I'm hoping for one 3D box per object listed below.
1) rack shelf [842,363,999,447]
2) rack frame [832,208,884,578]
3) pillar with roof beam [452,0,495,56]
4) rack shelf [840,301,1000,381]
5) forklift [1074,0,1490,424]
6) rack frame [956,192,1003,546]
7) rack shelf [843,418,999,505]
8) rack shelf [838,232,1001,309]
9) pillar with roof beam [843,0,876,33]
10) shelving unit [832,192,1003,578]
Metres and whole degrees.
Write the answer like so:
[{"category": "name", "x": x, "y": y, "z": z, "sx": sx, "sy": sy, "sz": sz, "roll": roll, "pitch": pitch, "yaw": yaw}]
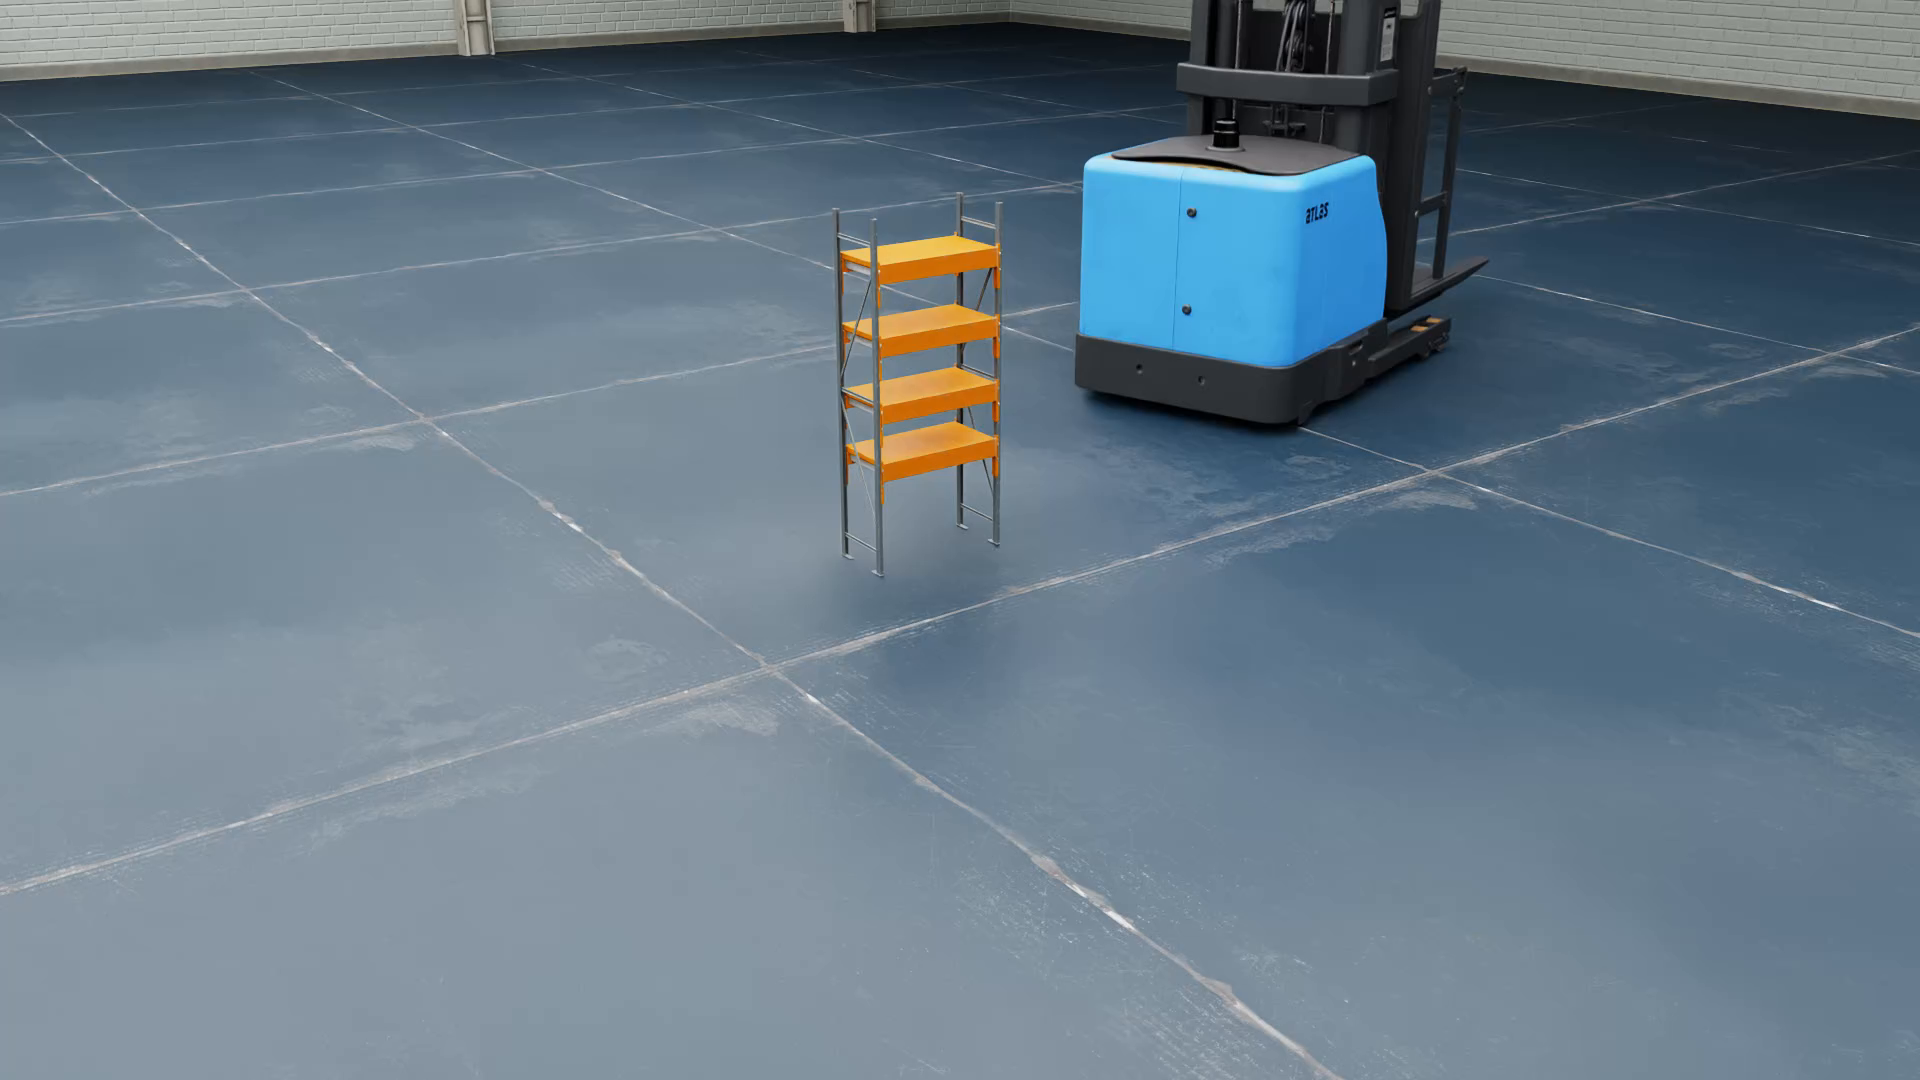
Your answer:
[{"category": "rack shelf", "x": -0.134, "y": -0.459, "z": 5.609, "sx": 0.480, "sy": 0.148, "sz": 0.258, "roll": -15, "pitch": 26, "yaw": -33}, {"category": "rack frame", "x": -0.332, "y": -0.469, "z": 5.452, "sx": 0.015, "sy": 1.200, "sz": 0.240, "roll": -15, "pitch": 26, "yaw": -33}, {"category": "pillar with roof beam", "x": -3.881, "y": -9.314, "z": 17.096, "sx": 0.400, "sy": 9.000, "sz": 9.100, "roll": -15, "pitch": 26, "yaw": -33}, {"category": "rack shelf", "x": -0.134, "y": -0.667, "z": 5.526, "sx": 0.480, "sy": 0.148, "sz": 0.258, "roll": -15, "pitch": 26, "yaw": -33}, {"category": "forklift", "x": 1.779, "y": -2.331, "z": 7.783, "sx": 1.130, "sy": 2.935, "sz": 3.031, "roll": 15, "pitch": 26, "yaw": 33}, {"category": "rack frame", "x": 0.064, "y": -0.574, "z": 5.717, "sx": 0.015, "sy": 1.200, "sz": 0.240, "roll": -15, "pitch": 26, "yaw": -33}, {"category": "rack shelf", "x": -0.134, "y": -0.275, "z": 5.683, "sx": 0.480, "sy": 0.148, "sz": 0.258, "roll": -15, "pitch": 26, "yaw": -33}, {"category": "rack shelf", "x": -0.134, "y": -0.886, "z": 5.439, "sx": 0.480, "sy": 0.148, "sz": 0.258, "roll": -15, "pitch": 26, "yaw": -33}, {"category": "pillar with roof beam", "x": 0.989, "y": -10.613, "z": 20.351, "sx": 0.400, "sy": 9.000, "sz": 9.100, "roll": -15, "pitch": 26, "yaw": -33}, {"category": "shelving unit", "x": -0.134, "y": -0.521, "z": 5.584, "sx": 0.503, "sy": 1.200, "sz": 0.258, "roll": -15, "pitch": 26, "yaw": -33}]
※
### [REQUIREMENT]
Skip the pictures. Please copy exactly the lines from the one with "10) shelving unit [832,192,1003,578]" through the final line of the material above, both ends included.

### [RESULT FOR THIS EXERCISE]
10) shelving unit [832,192,1003,578]
Metres and whole degrees.
Write the answer like so:
[{"category": "name", "x": x, "y": y, "z": z, "sx": sx, "sy": sy, "sz": sz, "roll": roll, "pitch": pitch, "yaw": yaw}]
Your answer:
[{"category": "rack shelf", "x": -0.134, "y": -0.459, "z": 5.609, "sx": 0.480, "sy": 0.148, "sz": 0.258, "roll": -15, "pitch": 26, "yaw": -33}, {"category": "rack frame", "x": -0.332, "y": -0.469, "z": 5.452, "sx": 0.015, "sy": 1.200, "sz": 0.240, "roll": -15, "pitch": 26, "yaw": -33}, {"category": "pillar with roof beam", "x": -3.881, "y": -9.314, "z": 17.096, "sx": 0.400, "sy": 9.000, "sz": 9.100, "roll": -15, "pitch": 26, "yaw": -33}, {"category": "rack shelf", "x": -0.134, "y": -0.667, "z": 5.526, "sx": 0.480, "sy": 0.148, "sz": 0.258, "roll": -15, "pitch": 26, "yaw": -33}, {"category": "forklift", "x": 1.779, "y": -2.331, "z": 7.783, "sx": 1.130, "sy": 2.935, "sz": 3.031, "roll": 15, "pitch": 26, "yaw": 33}, {"category": "rack frame", "x": 0.064, "y": -0.574, "z": 5.717, "sx": 0.015, "sy": 1.200, "sz": 0.240, "roll": -15, "pitch": 26, "yaw": -33}, {"category": "rack shelf", "x": -0.134, "y": -0.275, "z": 5.683, "sx": 0.480, "sy": 0.148, "sz": 0.258, "roll": -15, "pitch": 26, "yaw": -33}, {"category": "rack shelf", "x": -0.134, "y": -0.886, "z": 5.439, "sx": 0.480, "sy": 0.148, "sz": 0.258, "roll": -15, "pitch": 26, "yaw": -33}, {"category": "pillar with roof beam", "x": 0.989, "y": -10.613, "z": 20.351, "sx": 0.400, "sy": 9.000, "sz": 9.100, "roll": -15, "pitch": 26, "yaw": -33}, {"category": "shelving unit", "x": -0.134, "y": -0.521, "z": 5.584, "sx": 0.503, "sy": 1.200, "sz": 0.258, "roll": -15, "pitch": 26, "yaw": -33}]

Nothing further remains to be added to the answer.